Closures of the following subsets of $\ell^1(\mathbb{N})$:

Question

I'm trying to work out how to compute the closures of the following sets:

1. $$\left\{a ∈ ℓ^1(\mathbb{N}) \,\middle|\, \sum |a_j|^2 \le 1 \right\}$$
2. $$\left\{a ∈ ℓ^1(\mathbb{N}) \,\middle|\, \sum |a_j|^2 < \infty \right\}$$

How do I go about doing this?

Answer 1

Define $T$ on $\ell^1(\mathbb{N})$ by $ T(a) = \sum_{j} |a_j|^2 $. Then

$$ |T(b) - T(a)| \leq \sum_j |a_j^2 - b_j^2| \leq \|a - b\|_{1} (\|a\|_{1} + \|b\|_{1}), $$

and so, $T$ is a well-defined function $\ell^1(\mathbb{N}) \to [0, \infty)$ that is locally Lipschitz and hence continuous. In particular, the inverse image of a closed set under $T$ is also closed. Now,

$$ \left\{a \in \ell^1(\mathbb{N}) \,\middle|\, \sum |a_j|^2 \leq 1 \right\} = T^{-1}([0, 1]) $$

and

$$ \left\{a \in \ell^1(\mathbb{N}) \,\middle|\, \sum |a_j|^2 < \infty \right\} = T^{-1}([0, \infty)) = \ell^1(\mathbb{N}). $$

Answer 2

The second set is the whole space $\ell^1(\mathbb{N})$; this is easily seen by Hölder's inequality: $$ \|a\|_2^2 \leq \|a\|_1 \|a\|_\infty < \infty, $$ since if $a \in \ell^1(\mathbb{N})$ then necessarily $\|a\|_\infty < \infty$.

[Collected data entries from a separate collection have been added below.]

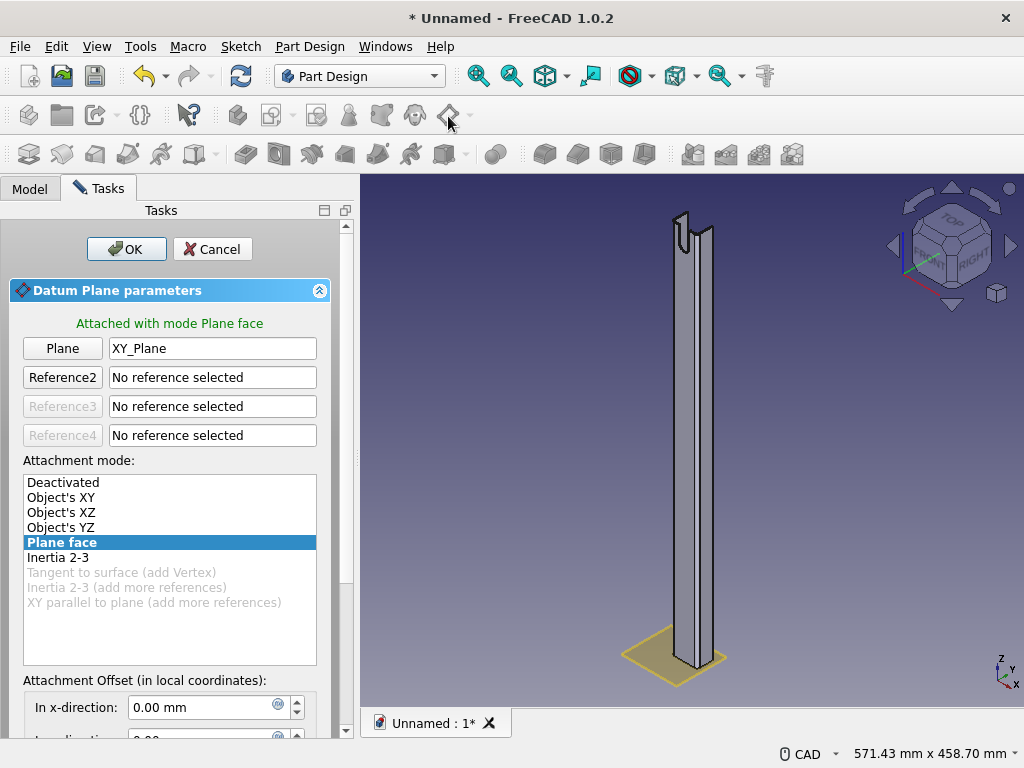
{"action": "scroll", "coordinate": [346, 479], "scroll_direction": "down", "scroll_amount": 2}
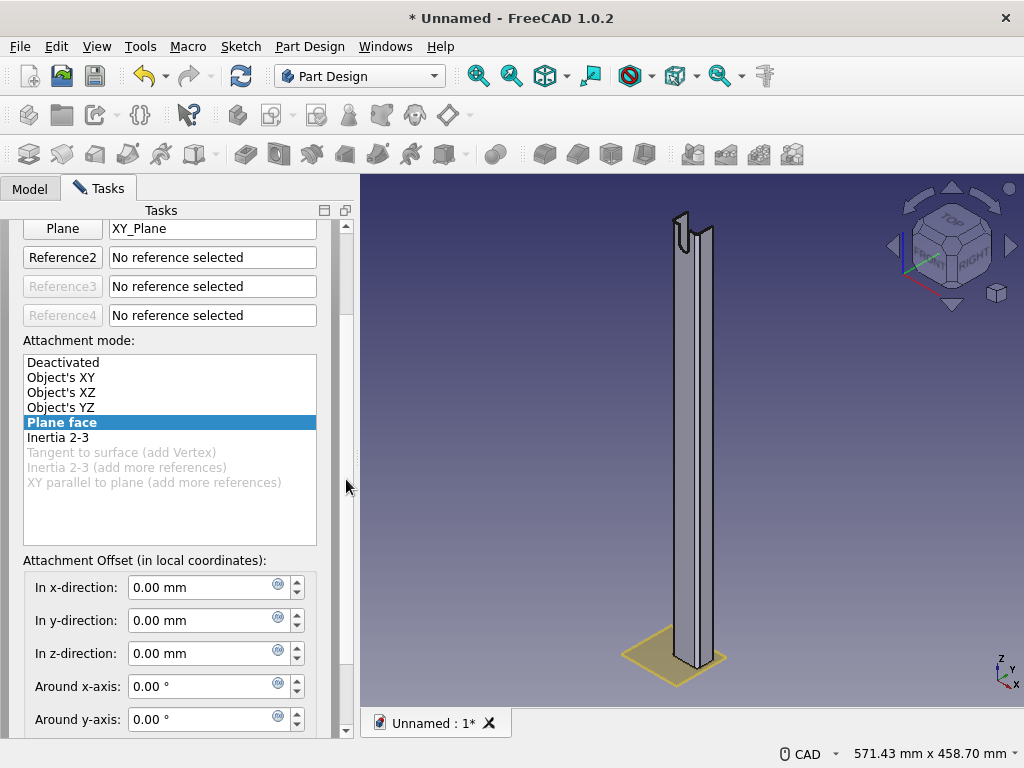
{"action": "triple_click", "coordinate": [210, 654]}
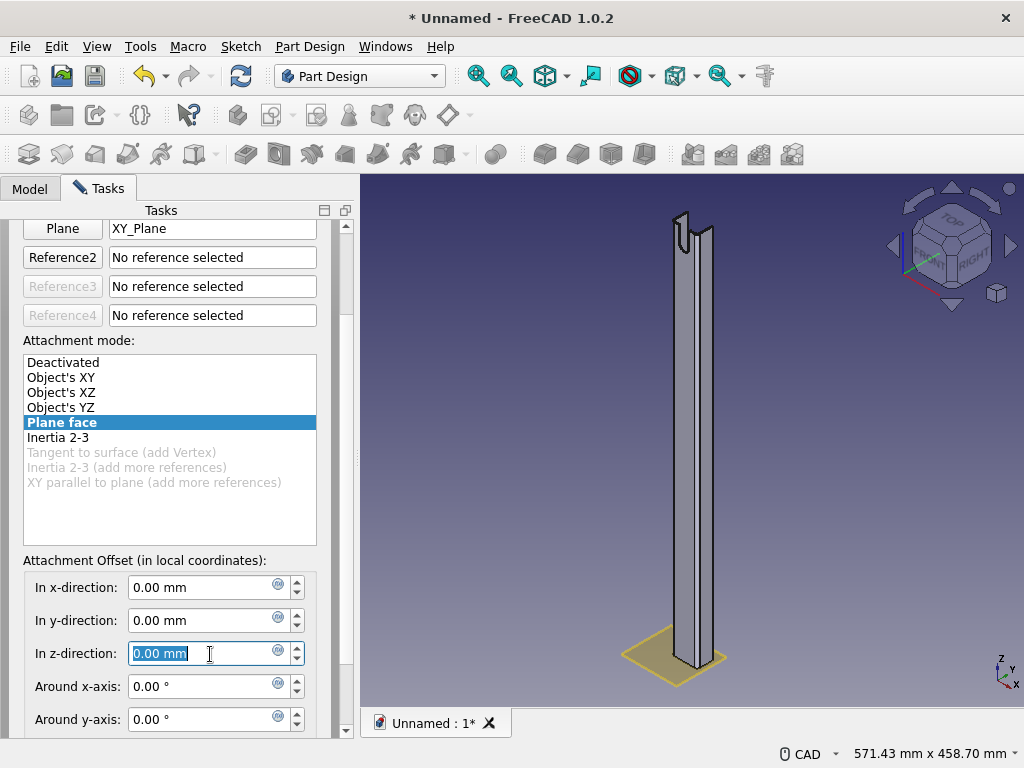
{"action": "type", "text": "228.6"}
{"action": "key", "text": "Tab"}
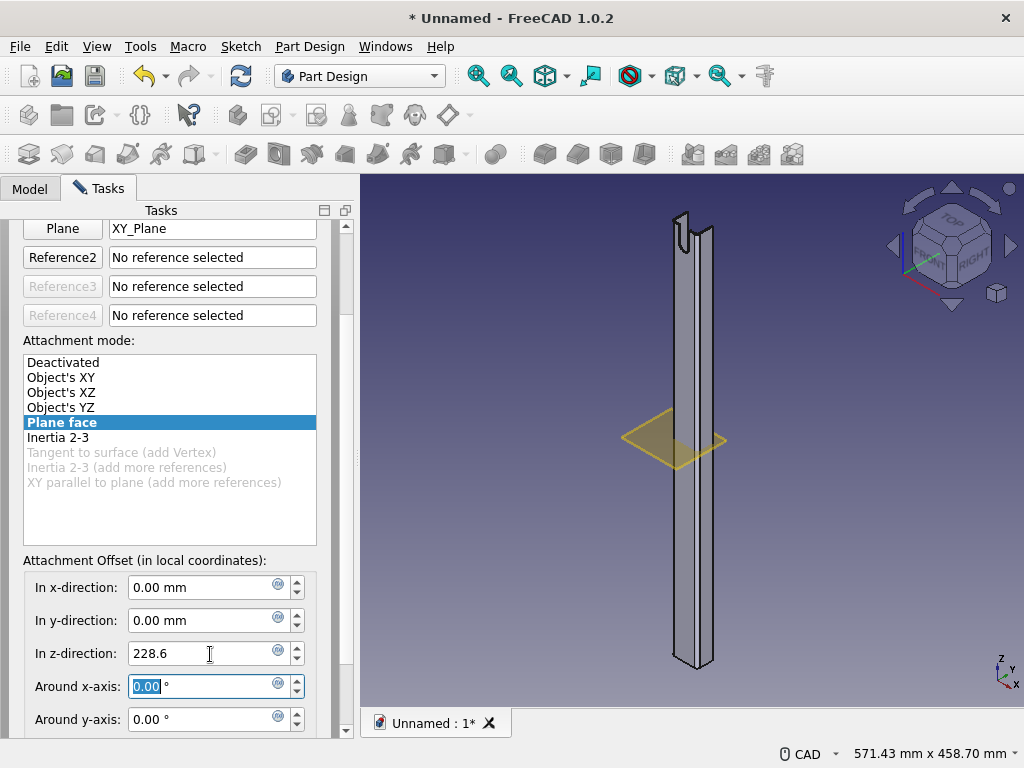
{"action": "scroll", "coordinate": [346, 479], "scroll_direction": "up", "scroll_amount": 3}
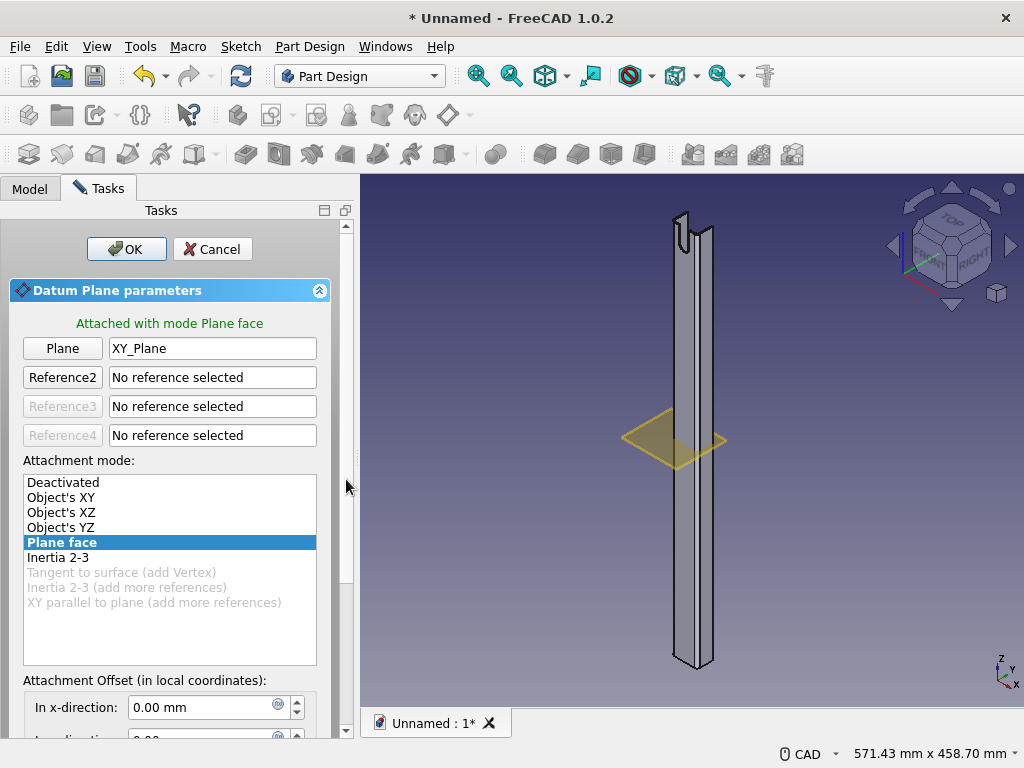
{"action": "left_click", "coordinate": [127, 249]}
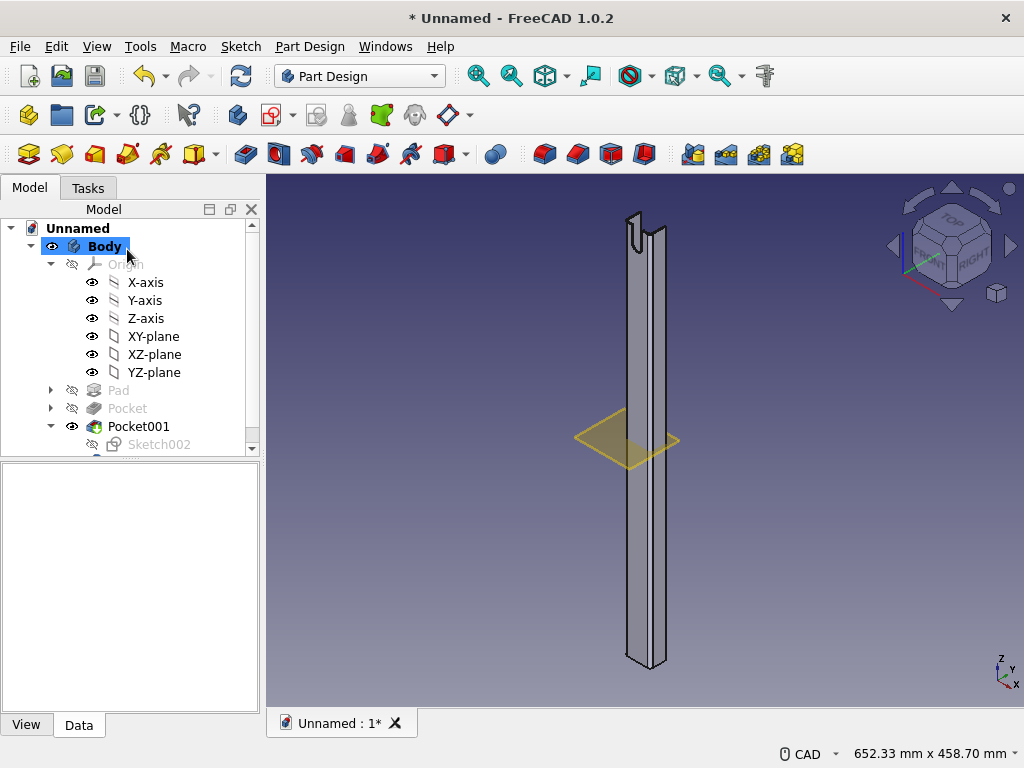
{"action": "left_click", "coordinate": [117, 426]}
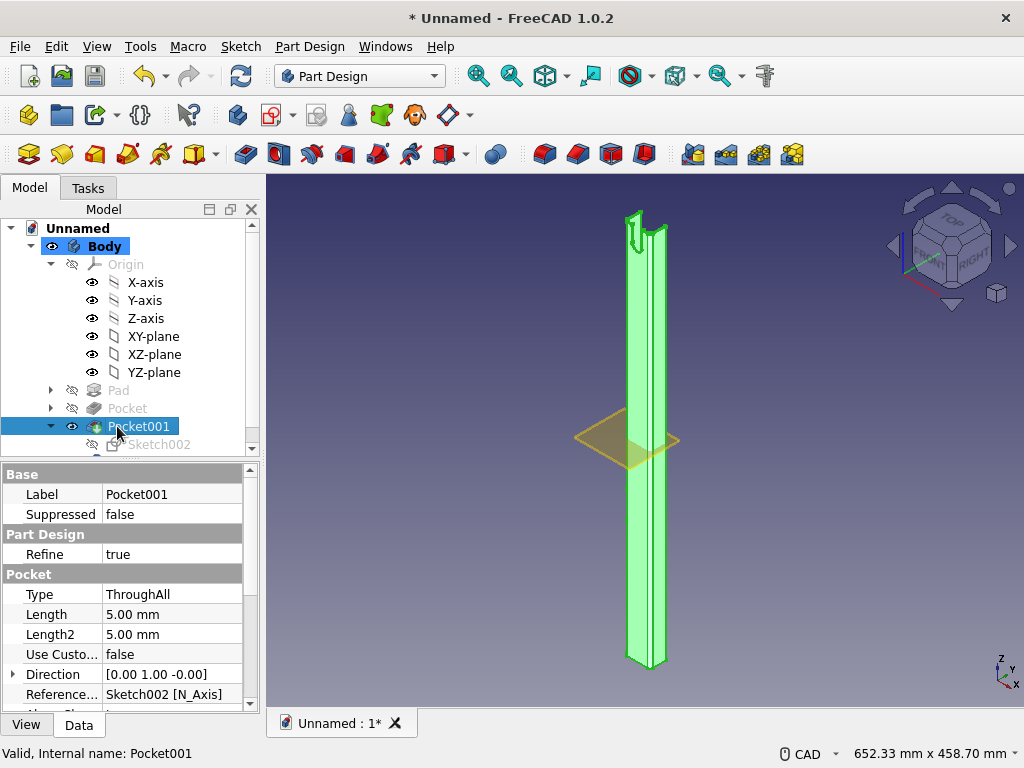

For the first set, say $a^{(j)} \to a$ in $\ell^1(\mathbb{N})$ with $\|a^{(j)}\|_2 \leq 1$ for all $j$. To show $\|a\|_2 \leq 1$ it suffices to show that $a^{(j)} \to a$ in $\ell^2(\mathbb{N})$. For this, one can use $$ \|a^{(j)} - a\|_2^2 \leq \|a^{(j)} - a\|_1 (\|a^{(j)}\|_1 + \|a\|_1), $$ where we use $(u-v)^2 \leq |u - v|(|u| + |v|)$. Evidently the righthand side vanishes as $j \to \infty$, as needed.